# ASSIGNED TASK
In the data, find the word "degrees" and copy out every line that has it.

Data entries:
§

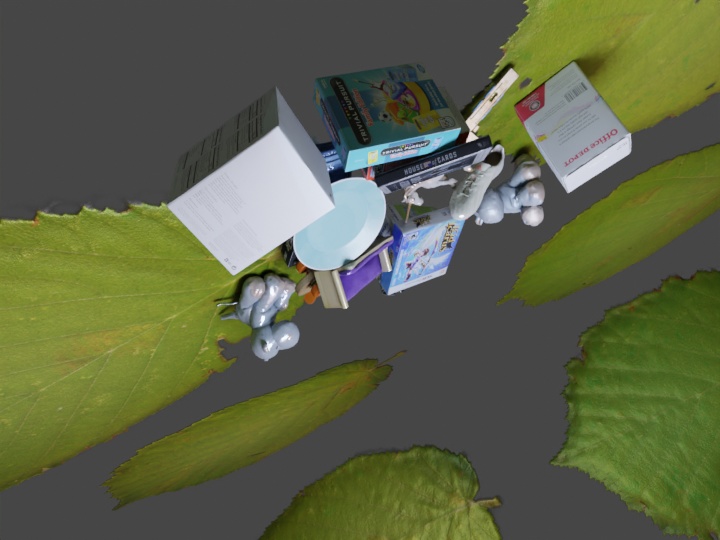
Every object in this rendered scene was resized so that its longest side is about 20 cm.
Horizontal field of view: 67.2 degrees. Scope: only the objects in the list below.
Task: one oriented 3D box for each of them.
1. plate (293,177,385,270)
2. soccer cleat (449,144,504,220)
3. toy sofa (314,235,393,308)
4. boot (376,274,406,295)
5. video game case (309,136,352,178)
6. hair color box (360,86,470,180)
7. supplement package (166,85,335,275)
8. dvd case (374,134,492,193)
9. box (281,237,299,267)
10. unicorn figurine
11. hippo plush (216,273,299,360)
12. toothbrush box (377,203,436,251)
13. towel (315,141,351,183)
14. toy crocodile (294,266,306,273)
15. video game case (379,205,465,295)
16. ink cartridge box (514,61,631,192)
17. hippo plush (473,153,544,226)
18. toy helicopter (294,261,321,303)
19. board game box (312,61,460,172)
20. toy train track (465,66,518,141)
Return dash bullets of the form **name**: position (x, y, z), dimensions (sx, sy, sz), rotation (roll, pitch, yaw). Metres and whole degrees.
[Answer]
- **plate**: position (-0.040, -0.088, 1.000), dimensions (0.195, 0.026, 0.204), rotation (-23, 139, -21)
- **soccer cleat**: position (0.258, -0.199, 1.207), dimensions (0.201, 0.068, 0.078), rotation (-51, 160, -22)
- **toy sofa**: position (0.000, 0.000, 1.151), dimensions (0.095, 0.086, 0.199), rotation (-4, -159, 36)
- **boot**: position (0.039, -0.001, 1.363), dimensions (0.195, 0.134, 0.068), rotation (-5, 150, -38)
- **video game case**: position (-0.125, -0.153, 1.043), dimensions (0.196, 0.024, 0.181), rotation (-32, 155, 12)
- **hair color box**: position (0.081, -0.244, 0.958), dimensions (0.194, 0.114, 0.065), rotation (-17, 155, -16)
- **supplement package**: position (-0.163, -0.136, 0.828), dimensions (0.196, 0.153, 0.153), rotation (-30, 127, 12)
- **dvd case**: position (0.124, -0.178, 0.935), dimensions (0.193, 0.026, 0.150), rotation (-19, -179, 9)
- **box**: position (-0.065, -0.089, 1.162), dimensions (0.195, 0.044, 0.161), rotation (-20, 160, -27)
- **unicorn figurine**: position (0.167, -0.208, 1.174), dimensions (0.134, 0.074, 0.204), rotation (-3, 131, -39)
- **hippo plush**: position (-0.227, 0.117, 1.283), dimensions (0.194, 0.165, 0.161), rotation (-18, 155, -15)
- **toothbrush box**: position (0.102, -0.075, 1.313), dimensions (0.195, 0.087, 0.147), rotation (-4, 139, -41)
- **towel**: position (-0.065, -0.135, 0.992), dimensions (0.109, 0.049, 0.204), rotation (-21, 139, -23)
- **toy crocodile**: position (-0.107, -0.006, 1.298), dimensions (0.066, 0.063, 0.200), rotation (-30, 154, 11)
- **video game case**: position (0.144, -0.048, 1.264), dimensions (0.176, 0.046, 0.204), rotation (-20, 144, -25)
- **ink cartridge box**: position (0.425, -0.287, 1.093), dimensions (0.145, 0.205, 0.085), rotation (-32, 154, 19)
- **hippo plush**: position (0.347, -0.193, 1.325), dimensions (0.154, 0.165, 0.201), rotation (-7, -162, 3)
- **toy helicopter**: position (-0.067, 0.003, 1.227), dimensions (0.197, 0.080, 0.133), rotation (-31, 167, -32)
- **board game box**: position (0.040, -0.249, 0.860), dimensions (0.194, 0.154, 0.047), rotation (-16, 154, -20)
- **toy train track**: position (0.227, -0.309, 1.059), dimensions (0.113, 0.033, 0.201), rotation (31, 119, -23)

§

# WORKED SOLUTION
Horizontal field of view: 67.2 degrees. Scope: only the objects in the list below.
Return dash bullets of the form **name**: position (x, y, z), dimensions (sx, sy, sz), rotation (roll, pitch, yaw). Metres and whole degrees.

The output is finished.